══ Supplied material
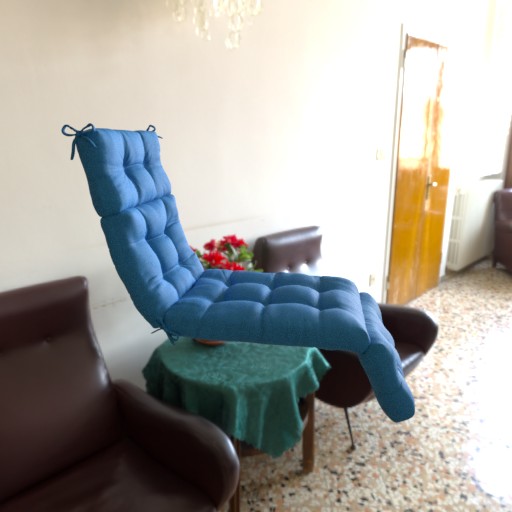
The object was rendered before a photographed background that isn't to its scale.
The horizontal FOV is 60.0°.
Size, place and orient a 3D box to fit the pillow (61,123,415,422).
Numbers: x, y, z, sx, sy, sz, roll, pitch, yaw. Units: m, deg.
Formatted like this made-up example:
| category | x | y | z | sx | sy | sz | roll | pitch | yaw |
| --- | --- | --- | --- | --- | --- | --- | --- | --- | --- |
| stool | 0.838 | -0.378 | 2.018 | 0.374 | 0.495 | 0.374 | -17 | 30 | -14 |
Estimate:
| category | x | y | z | sx | sy | sz | roll | pitch | yaw |
| --- | --- | --- | --- | --- | --- | --- | --- | --- | --- |
| pillow | 0.000 | 0.000 | 1.488 | 1.016 | 0.863 | 0.526 | 2 | 15 | 8 |
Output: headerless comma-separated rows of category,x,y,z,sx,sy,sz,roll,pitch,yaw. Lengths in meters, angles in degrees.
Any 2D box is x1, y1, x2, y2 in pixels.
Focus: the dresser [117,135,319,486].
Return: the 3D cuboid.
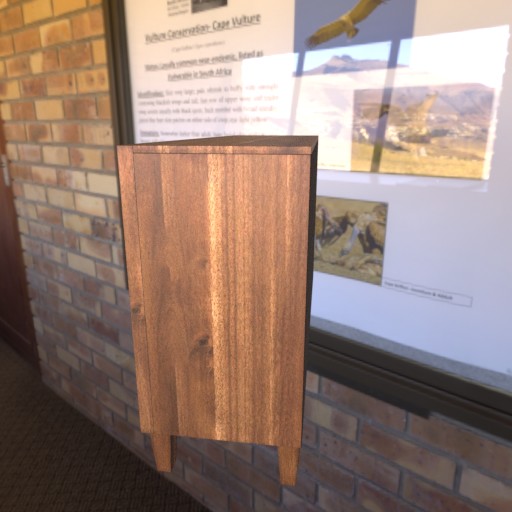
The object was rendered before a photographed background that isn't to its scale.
dresser,0.000,0.000,1.739,0.438,0.892,1.387,2,16,8
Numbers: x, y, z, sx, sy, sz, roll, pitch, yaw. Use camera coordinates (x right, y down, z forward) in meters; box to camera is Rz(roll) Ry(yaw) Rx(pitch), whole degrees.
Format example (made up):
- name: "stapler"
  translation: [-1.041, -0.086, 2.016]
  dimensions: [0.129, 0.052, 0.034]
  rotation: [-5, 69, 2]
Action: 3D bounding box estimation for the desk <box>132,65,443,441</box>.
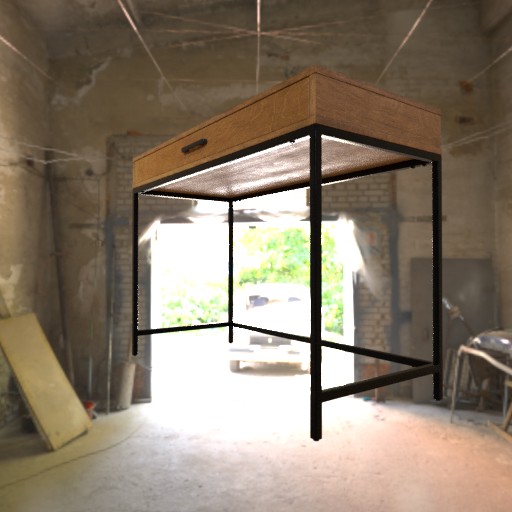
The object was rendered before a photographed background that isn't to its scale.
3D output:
- name: "desk"
  translation: [0.000, 0.000, 1.434]
  dimensions: [0.470, 0.762, 1.016]
  rotation: [0, -1, -36]
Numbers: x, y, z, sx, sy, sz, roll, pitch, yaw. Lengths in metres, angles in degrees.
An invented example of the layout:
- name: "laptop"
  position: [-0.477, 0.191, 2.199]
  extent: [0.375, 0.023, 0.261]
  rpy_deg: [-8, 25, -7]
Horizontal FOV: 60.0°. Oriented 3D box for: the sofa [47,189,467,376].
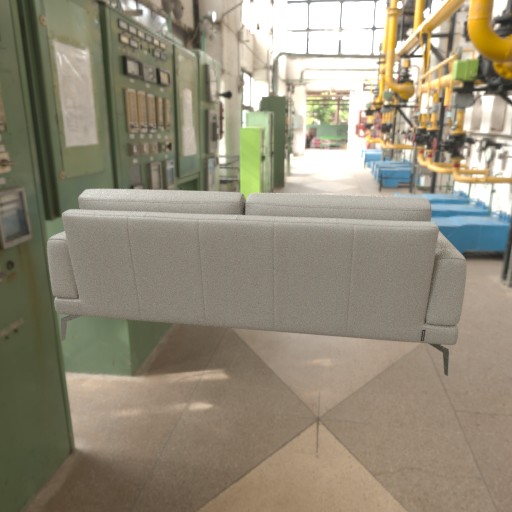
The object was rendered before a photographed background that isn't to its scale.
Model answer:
- name: "sofa"
  position: [0.000, 0.000, 2.401]
  extent: [1.940, 0.765, 0.974]
  rpy_deg: [3, 17, 10]
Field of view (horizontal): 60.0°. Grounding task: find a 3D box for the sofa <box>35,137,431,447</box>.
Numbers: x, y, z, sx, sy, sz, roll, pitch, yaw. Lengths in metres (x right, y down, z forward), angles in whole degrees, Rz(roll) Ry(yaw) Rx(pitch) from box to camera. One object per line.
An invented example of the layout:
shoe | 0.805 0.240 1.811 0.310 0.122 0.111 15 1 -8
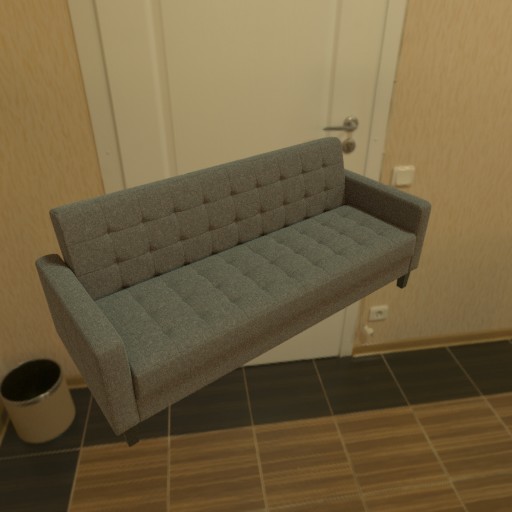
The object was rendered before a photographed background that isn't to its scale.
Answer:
sofa | 0.000 0.000 2.418 2.040 0.850 0.810 -22 38 -31
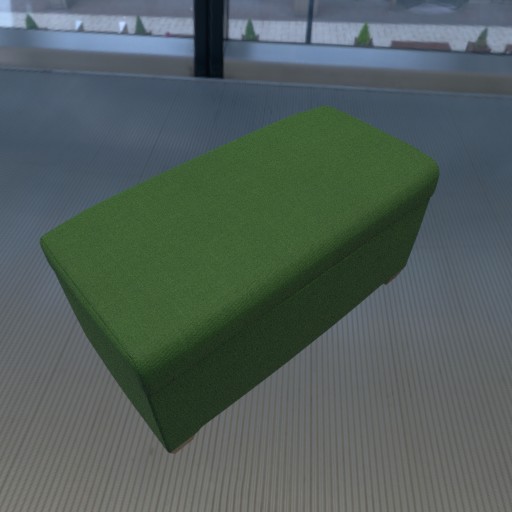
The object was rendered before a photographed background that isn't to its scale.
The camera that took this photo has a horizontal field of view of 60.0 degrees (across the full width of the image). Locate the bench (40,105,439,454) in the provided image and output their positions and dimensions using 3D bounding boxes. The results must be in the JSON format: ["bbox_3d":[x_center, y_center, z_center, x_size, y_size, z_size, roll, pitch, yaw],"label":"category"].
[{"bbox_3d":[0.000,0.000,1.295,0.989,0.501,0.505,-32,54,-27],"label":"bench"}]
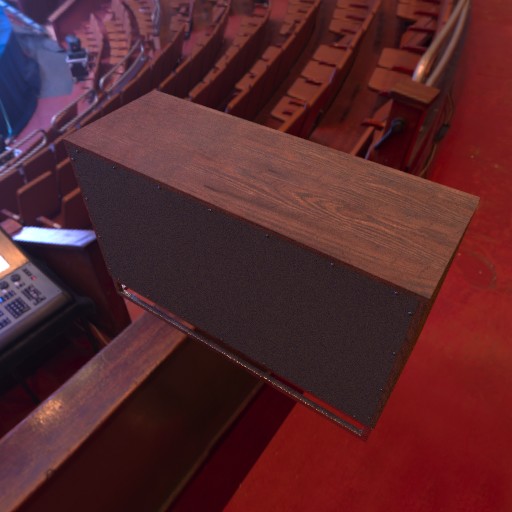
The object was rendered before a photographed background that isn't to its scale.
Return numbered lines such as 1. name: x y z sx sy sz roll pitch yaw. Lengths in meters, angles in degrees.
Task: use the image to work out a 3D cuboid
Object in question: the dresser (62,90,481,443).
1. dresser: 0.000 0.000 2.185 1.646 1.061 0.623 25 50 23
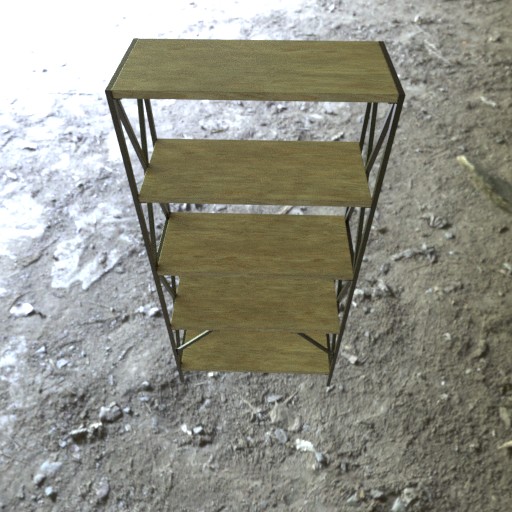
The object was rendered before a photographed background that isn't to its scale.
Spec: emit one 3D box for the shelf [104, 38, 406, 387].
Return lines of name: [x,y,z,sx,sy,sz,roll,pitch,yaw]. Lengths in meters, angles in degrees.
shelf: [0.000,0.000,2.076,0.874,1.803,0.386,1,47,1]
════
▸ **What you have to do**
The copy runs from the line containing "Object in question: the" through the last line of the material, both ends included. Reproduce those lines exactly and drop the pictures.

▸ **Result**
Object in question: the dresser (62,90,481,443).
1. dresser: 0.000 0.000 2.185 1.646 1.061 0.623 25 50 23
The object was rendered before a photographed background that isn't to its scale.
Spec: emit one 3D box for the shelf [104, 38, 406, 387].
Return lines of name: [x,y,z,sx,sy,sz,roll,pitch,yaw]. Lengths in meters, angles in degrees.
shelf: [0.000,0.000,2.076,0.874,1.803,0.386,1,47,1]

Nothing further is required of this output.